PROMPT
Show every line from the entries that follow which holds the word "ReadLine".

TASK MATERIAL
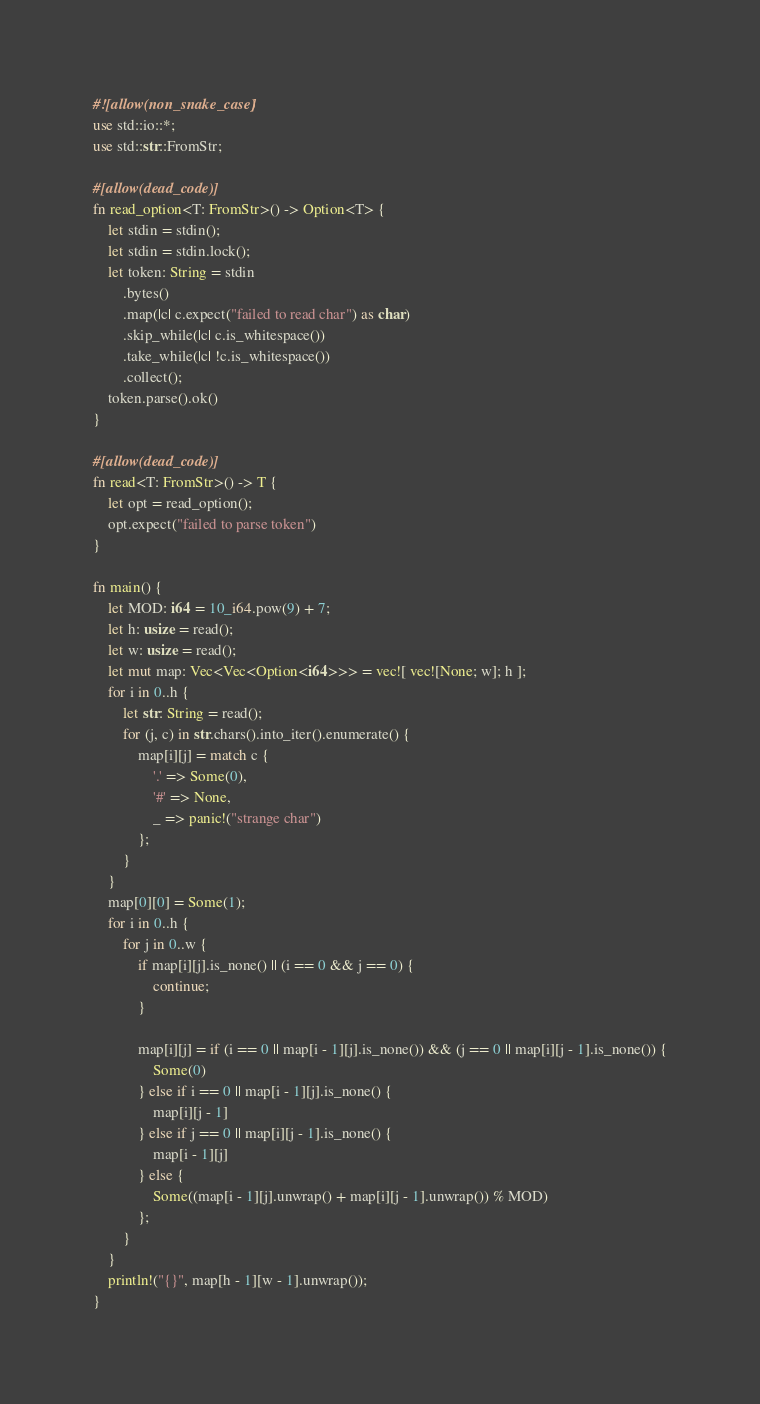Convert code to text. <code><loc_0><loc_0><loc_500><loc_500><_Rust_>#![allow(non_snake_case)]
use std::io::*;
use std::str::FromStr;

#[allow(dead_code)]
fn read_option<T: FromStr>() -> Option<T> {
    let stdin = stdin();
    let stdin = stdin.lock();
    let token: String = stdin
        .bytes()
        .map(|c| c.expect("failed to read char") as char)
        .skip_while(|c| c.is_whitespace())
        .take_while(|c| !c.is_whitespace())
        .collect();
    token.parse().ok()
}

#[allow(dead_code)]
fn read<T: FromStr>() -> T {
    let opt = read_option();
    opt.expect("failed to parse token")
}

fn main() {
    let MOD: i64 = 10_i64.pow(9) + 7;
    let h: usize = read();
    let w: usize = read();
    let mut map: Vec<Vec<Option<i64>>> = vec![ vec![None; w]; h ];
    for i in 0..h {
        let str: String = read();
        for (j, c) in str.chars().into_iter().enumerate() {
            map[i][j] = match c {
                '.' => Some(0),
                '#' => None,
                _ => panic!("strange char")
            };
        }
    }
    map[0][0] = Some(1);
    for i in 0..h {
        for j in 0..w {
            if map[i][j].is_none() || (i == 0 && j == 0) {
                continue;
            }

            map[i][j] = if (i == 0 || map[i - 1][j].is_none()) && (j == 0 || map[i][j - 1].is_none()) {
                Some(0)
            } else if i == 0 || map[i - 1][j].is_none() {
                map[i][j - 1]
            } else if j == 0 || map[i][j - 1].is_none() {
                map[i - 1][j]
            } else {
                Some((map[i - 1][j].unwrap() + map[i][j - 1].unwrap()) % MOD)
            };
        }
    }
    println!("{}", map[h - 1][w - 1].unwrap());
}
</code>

==

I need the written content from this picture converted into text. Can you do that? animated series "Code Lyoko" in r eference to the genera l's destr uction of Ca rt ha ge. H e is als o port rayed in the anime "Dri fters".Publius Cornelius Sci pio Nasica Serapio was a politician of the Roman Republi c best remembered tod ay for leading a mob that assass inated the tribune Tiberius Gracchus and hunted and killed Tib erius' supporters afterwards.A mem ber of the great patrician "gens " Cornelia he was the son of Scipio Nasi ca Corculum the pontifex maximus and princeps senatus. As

...

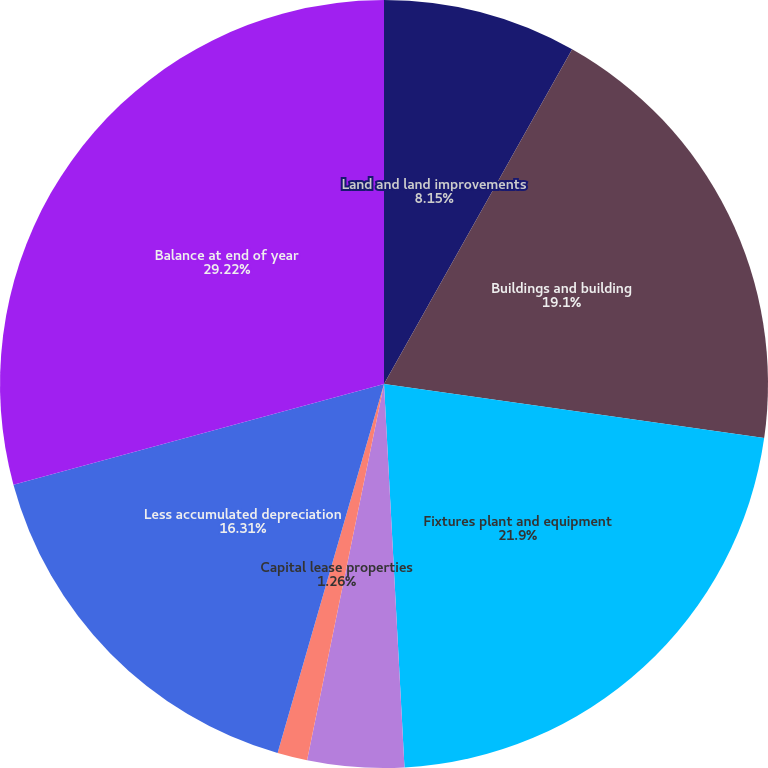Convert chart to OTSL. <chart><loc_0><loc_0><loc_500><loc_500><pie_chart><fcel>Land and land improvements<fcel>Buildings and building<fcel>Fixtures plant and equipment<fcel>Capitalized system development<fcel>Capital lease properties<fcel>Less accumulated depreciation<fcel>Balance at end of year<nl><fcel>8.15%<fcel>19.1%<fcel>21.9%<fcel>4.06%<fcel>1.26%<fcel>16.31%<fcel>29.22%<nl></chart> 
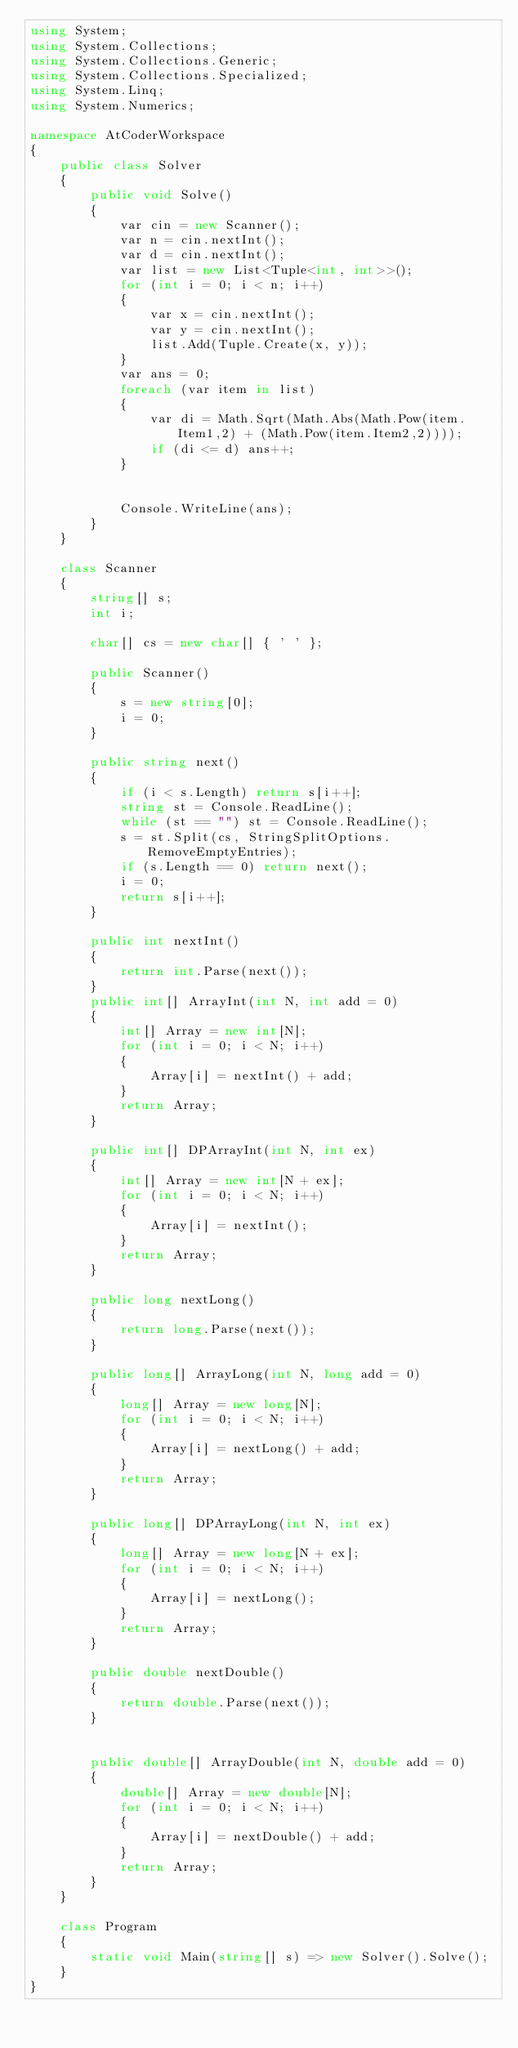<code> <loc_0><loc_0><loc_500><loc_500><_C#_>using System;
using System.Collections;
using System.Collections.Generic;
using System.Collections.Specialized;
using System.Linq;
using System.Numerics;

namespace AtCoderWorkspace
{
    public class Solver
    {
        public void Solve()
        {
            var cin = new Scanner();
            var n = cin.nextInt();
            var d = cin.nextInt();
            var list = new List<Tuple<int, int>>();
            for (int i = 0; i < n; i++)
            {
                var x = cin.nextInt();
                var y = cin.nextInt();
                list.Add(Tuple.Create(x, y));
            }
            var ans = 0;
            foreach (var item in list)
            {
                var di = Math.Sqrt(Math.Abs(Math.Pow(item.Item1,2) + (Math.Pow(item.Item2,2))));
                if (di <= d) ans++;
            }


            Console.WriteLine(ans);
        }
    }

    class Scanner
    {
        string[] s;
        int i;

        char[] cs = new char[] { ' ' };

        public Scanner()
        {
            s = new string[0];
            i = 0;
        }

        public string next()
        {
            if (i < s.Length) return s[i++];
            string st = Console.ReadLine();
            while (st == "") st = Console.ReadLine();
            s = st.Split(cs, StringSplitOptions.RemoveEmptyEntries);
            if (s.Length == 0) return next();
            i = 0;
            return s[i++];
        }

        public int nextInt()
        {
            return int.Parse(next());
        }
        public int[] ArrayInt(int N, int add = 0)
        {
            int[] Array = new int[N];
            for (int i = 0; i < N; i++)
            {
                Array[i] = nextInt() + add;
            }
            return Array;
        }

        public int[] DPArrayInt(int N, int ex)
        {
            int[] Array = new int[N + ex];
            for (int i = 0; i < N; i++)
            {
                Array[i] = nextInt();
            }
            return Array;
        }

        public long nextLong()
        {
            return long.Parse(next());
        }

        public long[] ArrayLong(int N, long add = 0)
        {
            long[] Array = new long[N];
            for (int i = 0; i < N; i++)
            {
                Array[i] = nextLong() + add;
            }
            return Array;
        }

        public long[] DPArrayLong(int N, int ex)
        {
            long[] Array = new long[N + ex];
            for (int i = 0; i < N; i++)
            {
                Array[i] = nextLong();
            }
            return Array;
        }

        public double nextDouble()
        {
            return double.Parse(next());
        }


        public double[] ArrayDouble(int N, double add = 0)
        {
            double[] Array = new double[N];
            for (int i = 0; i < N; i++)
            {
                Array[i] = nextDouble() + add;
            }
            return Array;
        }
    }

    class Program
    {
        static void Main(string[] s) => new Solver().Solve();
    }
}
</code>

TASK ANSWER
            string st = Console.ReadLine();
            while (st == "") st = Console.ReadLine();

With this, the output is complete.